*** Opening of DATA TO EXAMINE ***

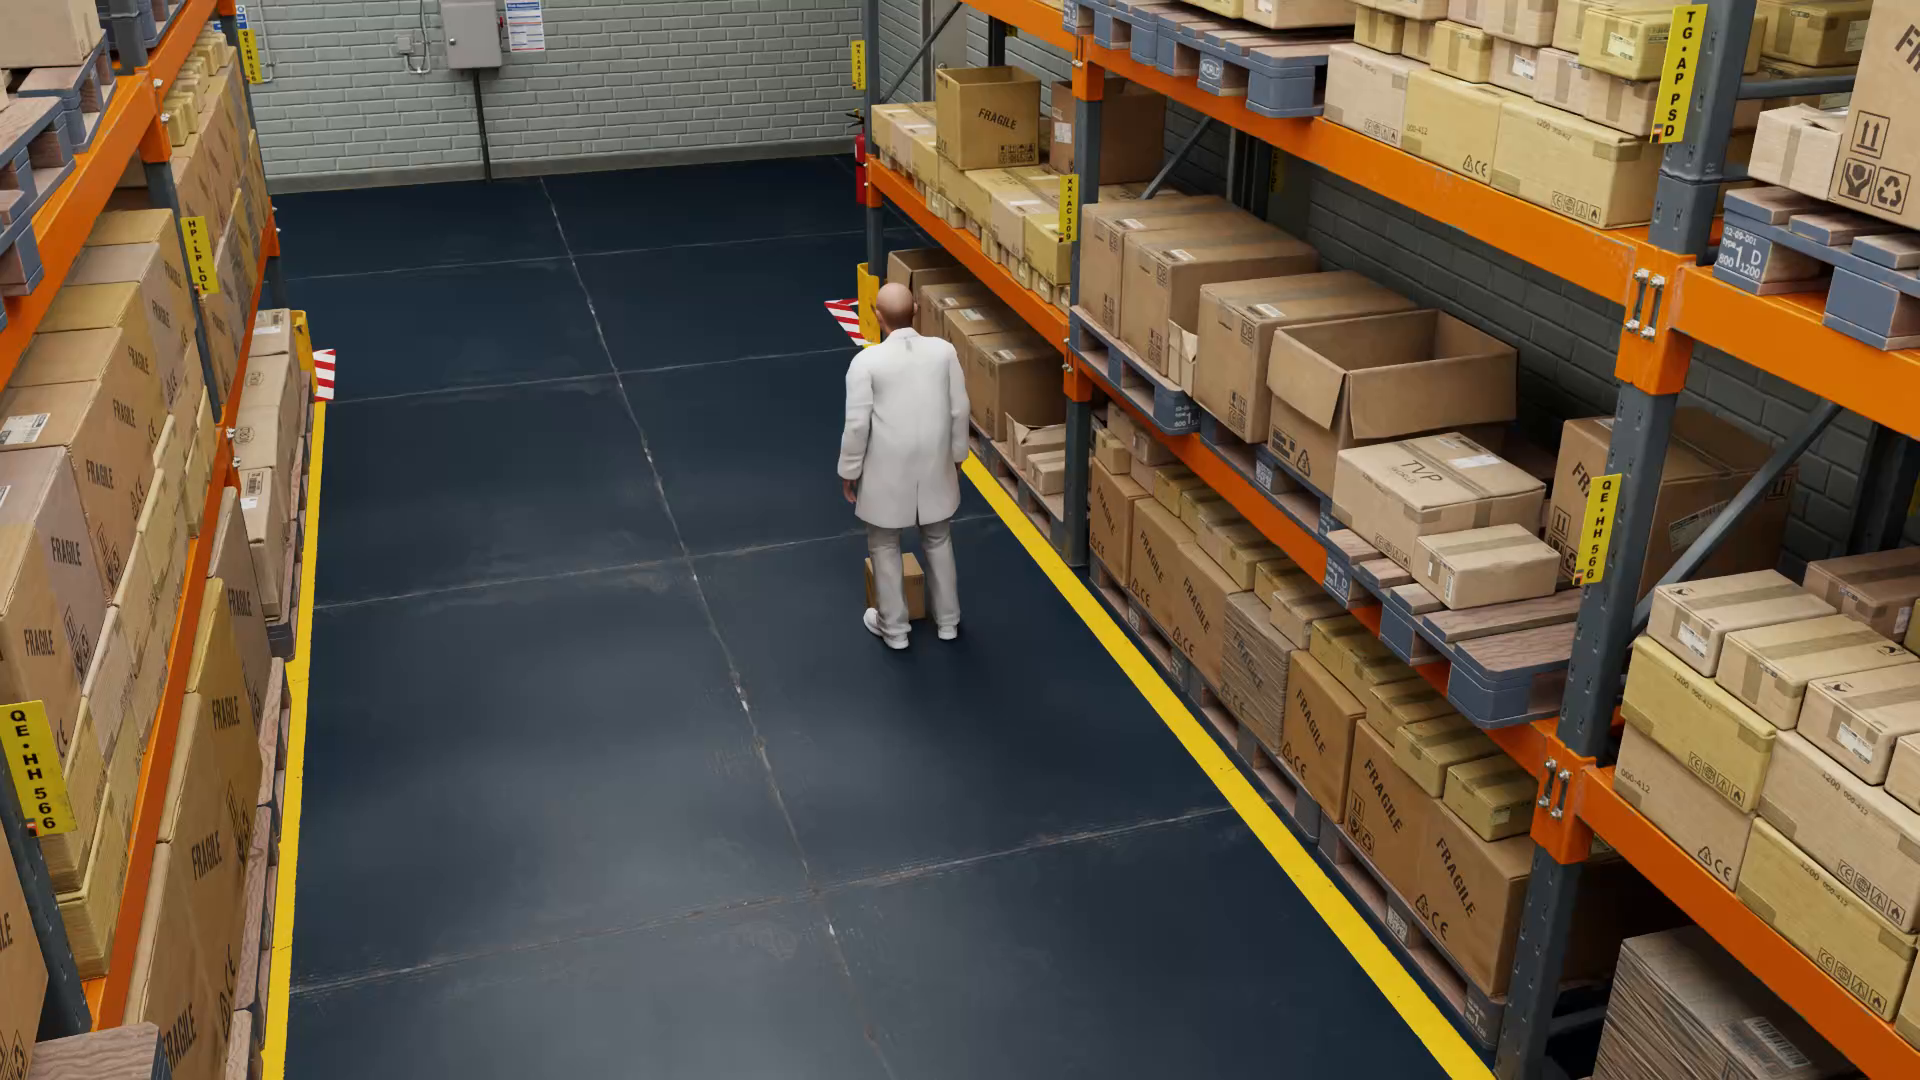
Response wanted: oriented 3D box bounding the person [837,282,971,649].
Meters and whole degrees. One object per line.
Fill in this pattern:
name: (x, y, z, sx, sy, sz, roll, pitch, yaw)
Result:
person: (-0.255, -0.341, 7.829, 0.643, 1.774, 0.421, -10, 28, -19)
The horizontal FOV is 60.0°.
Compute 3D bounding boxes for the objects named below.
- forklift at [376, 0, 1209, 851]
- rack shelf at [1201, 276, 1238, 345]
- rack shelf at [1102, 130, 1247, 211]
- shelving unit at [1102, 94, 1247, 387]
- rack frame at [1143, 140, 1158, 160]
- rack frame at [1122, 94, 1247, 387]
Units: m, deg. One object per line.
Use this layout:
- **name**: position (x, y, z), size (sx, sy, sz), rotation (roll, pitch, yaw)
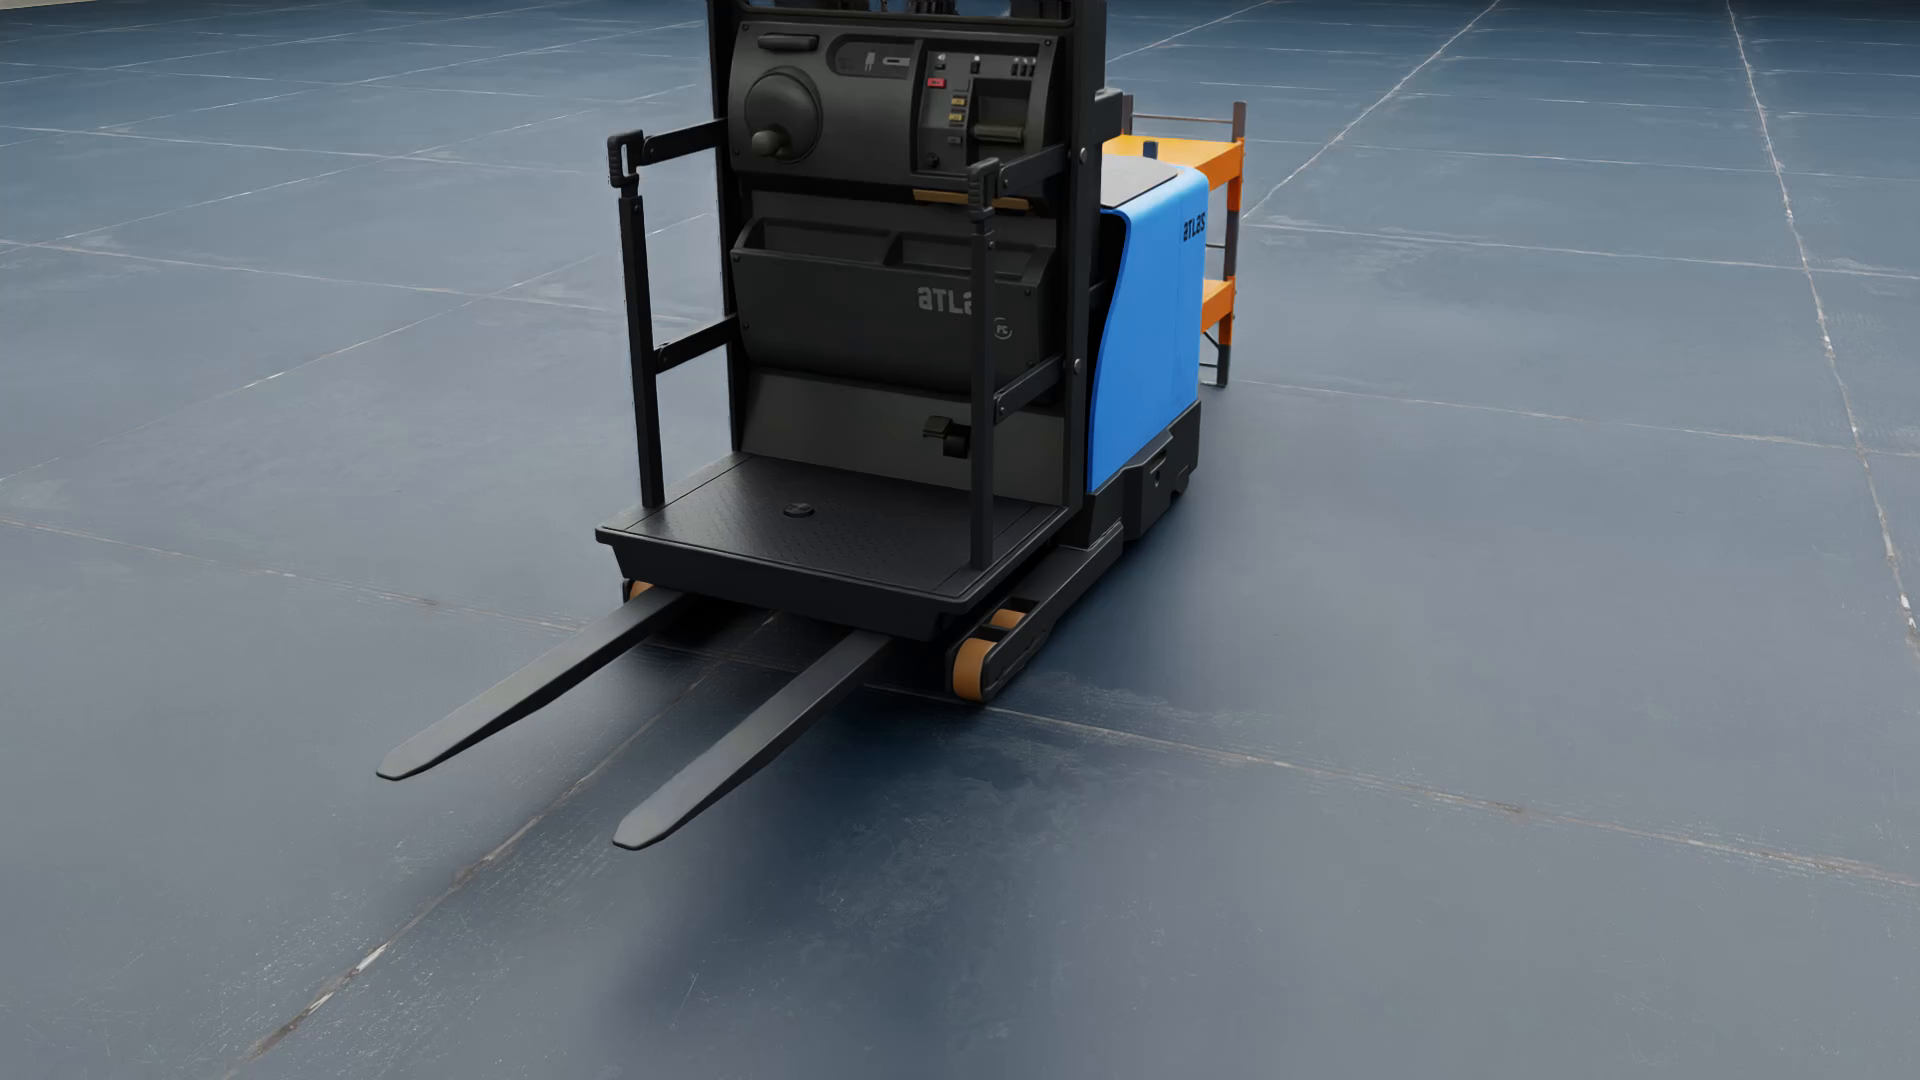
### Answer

*** Close of DATA TO EXAMINE ***

▸ **TO DO**: Write out, exactly as they stand, the line with "- rack shelf at [1201, 276, 1238, 345]" and every line after it through the end of the entries above; omit the pictures.

▸ **WRITTEN SOLUTION**:
- rack shelf at [1201, 276, 1238, 345]
- rack shelf at [1102, 130, 1247, 211]
- shelving unit at [1102, 94, 1247, 387]
- rack frame at [1143, 140, 1158, 160]
- rack frame at [1122, 94, 1247, 387]
Units: m, deg. One object per line.
Use this layout:
- **name**: position (x, y, z), size (sx, sy, sz), rotation (roll, pitch, yaw)
### Answer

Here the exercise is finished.